» **What is required**
Begin at the line containing "33) building (1105, 382, 1113, 406)" in the entries below and end at the line containing "euler=(19, 72, 1))"; transcribe that range exactly and nothing outside it.

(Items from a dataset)

══════════

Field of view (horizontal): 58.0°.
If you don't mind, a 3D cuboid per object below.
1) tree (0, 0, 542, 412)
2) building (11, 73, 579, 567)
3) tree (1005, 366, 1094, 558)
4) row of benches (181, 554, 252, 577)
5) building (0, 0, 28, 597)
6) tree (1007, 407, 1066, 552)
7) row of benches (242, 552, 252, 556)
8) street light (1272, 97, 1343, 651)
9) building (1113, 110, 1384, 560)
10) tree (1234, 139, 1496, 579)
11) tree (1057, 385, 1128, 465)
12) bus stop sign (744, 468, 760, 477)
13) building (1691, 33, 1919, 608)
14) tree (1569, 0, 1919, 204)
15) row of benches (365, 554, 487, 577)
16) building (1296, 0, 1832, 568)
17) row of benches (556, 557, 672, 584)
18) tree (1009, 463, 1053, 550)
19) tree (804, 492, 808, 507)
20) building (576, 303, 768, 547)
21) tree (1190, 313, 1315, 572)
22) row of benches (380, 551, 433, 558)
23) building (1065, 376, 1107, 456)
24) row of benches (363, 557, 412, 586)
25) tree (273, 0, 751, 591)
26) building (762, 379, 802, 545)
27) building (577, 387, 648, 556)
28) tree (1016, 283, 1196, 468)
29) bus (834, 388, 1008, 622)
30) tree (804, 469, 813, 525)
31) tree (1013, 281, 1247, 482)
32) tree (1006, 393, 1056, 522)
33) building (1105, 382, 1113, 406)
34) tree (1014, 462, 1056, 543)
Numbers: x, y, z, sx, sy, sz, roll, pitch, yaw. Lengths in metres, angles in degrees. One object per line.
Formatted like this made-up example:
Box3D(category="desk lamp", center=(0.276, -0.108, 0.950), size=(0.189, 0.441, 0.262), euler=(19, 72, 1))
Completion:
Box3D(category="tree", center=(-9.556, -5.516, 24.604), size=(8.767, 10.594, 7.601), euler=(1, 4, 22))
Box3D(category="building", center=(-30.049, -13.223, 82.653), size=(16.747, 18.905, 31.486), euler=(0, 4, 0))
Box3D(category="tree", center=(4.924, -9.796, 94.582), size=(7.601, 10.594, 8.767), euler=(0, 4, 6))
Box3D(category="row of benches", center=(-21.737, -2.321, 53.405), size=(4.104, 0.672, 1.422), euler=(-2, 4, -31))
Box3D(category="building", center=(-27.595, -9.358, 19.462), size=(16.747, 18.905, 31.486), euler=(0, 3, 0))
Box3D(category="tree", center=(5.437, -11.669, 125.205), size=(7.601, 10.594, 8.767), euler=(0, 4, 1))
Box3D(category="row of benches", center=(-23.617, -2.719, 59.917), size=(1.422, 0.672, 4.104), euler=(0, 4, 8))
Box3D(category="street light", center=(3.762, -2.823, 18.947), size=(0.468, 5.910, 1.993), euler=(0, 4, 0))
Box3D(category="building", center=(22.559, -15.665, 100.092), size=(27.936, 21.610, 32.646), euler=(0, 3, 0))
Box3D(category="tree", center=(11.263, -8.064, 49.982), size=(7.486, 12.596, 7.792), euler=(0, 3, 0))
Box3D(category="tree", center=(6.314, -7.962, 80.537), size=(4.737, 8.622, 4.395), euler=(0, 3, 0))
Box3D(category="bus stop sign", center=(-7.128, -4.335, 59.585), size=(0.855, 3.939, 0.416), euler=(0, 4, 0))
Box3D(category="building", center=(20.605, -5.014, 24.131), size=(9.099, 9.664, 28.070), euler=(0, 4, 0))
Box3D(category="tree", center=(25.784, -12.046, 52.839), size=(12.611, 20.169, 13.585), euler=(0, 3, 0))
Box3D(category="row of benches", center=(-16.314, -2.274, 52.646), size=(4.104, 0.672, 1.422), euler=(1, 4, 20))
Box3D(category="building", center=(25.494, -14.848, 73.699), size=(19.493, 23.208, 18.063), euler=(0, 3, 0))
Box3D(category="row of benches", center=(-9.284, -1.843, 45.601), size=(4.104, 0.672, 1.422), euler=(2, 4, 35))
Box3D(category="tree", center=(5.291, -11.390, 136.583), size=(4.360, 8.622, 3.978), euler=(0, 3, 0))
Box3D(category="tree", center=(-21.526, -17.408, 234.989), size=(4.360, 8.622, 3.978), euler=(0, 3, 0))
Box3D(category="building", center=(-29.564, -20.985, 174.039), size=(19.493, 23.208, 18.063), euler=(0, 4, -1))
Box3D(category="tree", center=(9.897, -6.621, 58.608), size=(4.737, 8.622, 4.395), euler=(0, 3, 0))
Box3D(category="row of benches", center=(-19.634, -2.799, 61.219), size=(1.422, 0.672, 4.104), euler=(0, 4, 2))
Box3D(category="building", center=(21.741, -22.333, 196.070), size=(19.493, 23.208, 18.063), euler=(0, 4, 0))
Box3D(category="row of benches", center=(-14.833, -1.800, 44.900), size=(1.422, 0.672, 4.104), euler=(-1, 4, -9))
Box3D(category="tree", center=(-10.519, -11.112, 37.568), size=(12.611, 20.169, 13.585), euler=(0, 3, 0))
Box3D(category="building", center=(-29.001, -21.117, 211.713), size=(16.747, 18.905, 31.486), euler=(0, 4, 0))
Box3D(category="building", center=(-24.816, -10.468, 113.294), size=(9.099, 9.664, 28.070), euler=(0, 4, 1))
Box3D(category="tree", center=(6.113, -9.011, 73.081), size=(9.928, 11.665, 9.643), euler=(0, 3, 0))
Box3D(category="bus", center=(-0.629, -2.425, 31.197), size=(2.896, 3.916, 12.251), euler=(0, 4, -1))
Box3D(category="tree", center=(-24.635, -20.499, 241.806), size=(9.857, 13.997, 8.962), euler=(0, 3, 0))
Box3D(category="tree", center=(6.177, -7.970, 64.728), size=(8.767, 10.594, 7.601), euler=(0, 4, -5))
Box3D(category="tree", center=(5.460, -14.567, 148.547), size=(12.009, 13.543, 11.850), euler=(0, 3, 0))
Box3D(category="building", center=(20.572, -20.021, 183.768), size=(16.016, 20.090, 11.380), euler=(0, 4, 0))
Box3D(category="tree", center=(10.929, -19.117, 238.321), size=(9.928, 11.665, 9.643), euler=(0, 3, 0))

══════════

» **Answer section**
33) building (1105, 382, 1113, 406)
34) tree (1014, 462, 1056, 543)
Numbers: x, y, z, sx, sy, sz, roll, pitch, yaw. Lengths in metres, angles in degrees. One object per line.
Formatted like this made-up example:
Box3D(category="desk lamp", center=(0.276, -0.108, 0.950), size=(0.189, 0.441, 0.262), euler=(19, 72, 1))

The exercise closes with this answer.